LJ: Nacogdoches illuminates the age of settlement in Texas. When the Spanish established a mission, they sought to establish a settlement to support the mission. In the case of Nacogdoches, the administrative center of that settlement was “The Old Stone Fort,” which is a misnomer, since it never served as a fort. Unfortunately, it was torn down in 1902, and those stones were used for another building. In 1936, however, as the city prepared for the Texas Centennial, they used these original stones to reconstruct the Old Stone Fort, and that structure still stands today, on the grounds of SFA.
Just west of Nacogdoches is another historic destination, Caddo Mounds State Historic Site. You captured this site in your painting, “Journey to the Ancients,” which features a Mound and a Caddo hut.
LJ: Caddo Mounds is a wonderful ancient place, where people have been living for hundreds of years, possibly even longer. Interestingly, my painting reflects a view that no longer exists. The hut I depicted was built not long before I visited and was crafted by a Caddo elder from Oklahoma. In 2019, a tornado blew through and destroyed that hut. The mounds, of course, remain, and their simple beauty also elicits contemplation.
From the primitive beauty of the Caddo people and their settlements, we travel two hours south to Polk County, the borders of which are formed in part by Lake Livingston and the Trinity River.
When painting a scene from Polk County, you eschew not only the pine trees, but also Lake Livingston, and instead focus on the courthouse. What prompted that decision?
LJ: I think courthouses are a source of civic pride for many East Texas towns, and I wanted to reflect that. In Livingston, the courthouse square is indicative of people’s need to share commonalities. The Polk County Courthouse sits near the railroad, next to the intersection of HWY 190 and 59, near the Trinity. It is a transportation hub, connecting people through travel. It also connects to other places architecturally. It shares, for example, elements with the Marion County Courthouse in Jefferson. And the red building on the Polk County Courthouse grounds, “the records vault,” was copied in Groveton and enlarged, becoming the Trinity County Courthouse. Our courthouses should tie us together, and, at least in terms of architecture and pathways to elsewhere, they do.
Speaking of tying people together, you highlight the St. Joseph’s Catholic Church in New Waverly, Texas.
LJ: Yes, this church was the center of a rather isolated Polish community in East Texas. It is a prime example of Texas’ “painted churches,” more common in Central Texas, where they are often made of stone. While I studied the structure, I became interested in a large nearby tree and incorporated it. To me, the work of humans and the work of God—the Church and the tree—were matched together.

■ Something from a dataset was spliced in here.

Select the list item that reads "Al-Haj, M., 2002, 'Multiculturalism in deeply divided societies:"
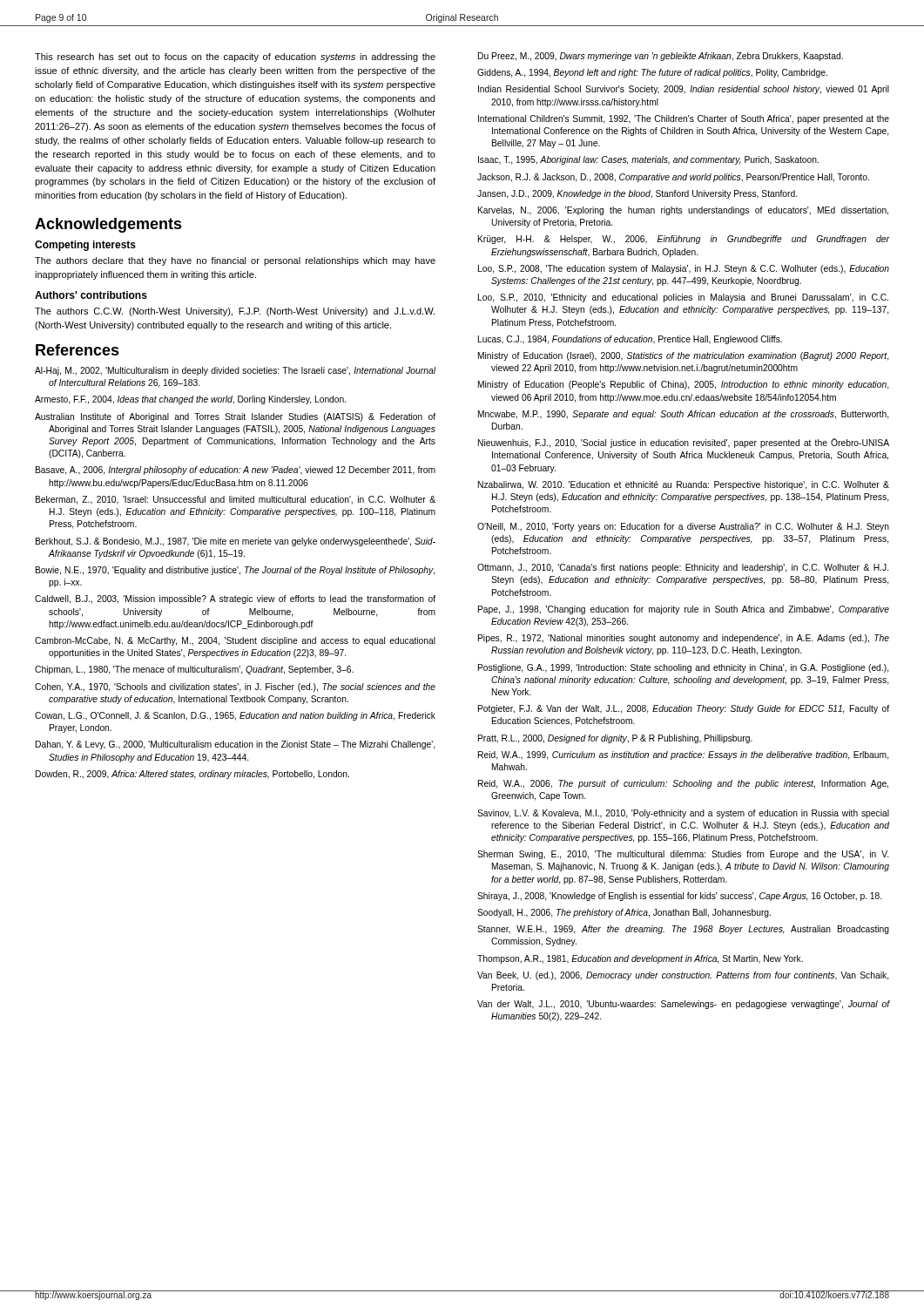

Coming full circle, both conceptually and geographically, we arrive in Dodge, north of New Waverly, and a few minutes east of Huntsville. What makes that a special place and an important focus of your book?
LJ: We lived in Dodge from 1984 to 2008, and during these years, I had the opportunity to complete my understanding of East Texas as a distinct place and culture. It’s one thing to experience a region as a college student; it’s another to live “in the soil of the earth,” to see people as they live, to witness the beauty —as well as the less attractive qualities—they possess and display. It was where I experienced people as humans and, as I mentioned earlier, there is a tight connection between understanding art and understanding humans.
Settling in a place, even a place obscured in East Texas’s Pine Curtain, “is to come to love, and then lose, people and things” notes Jamison, in his book. These people and things “come and go”—much like travelers who seek out new memories by visiting new places. But Jamison’s travels, experiences, and artistic vision, are captured permanently in the images and words of Ode to East Texas, and sometimes, to quote the artist out of context, they repeat “like a melody in a symphony of light and grass and sun.”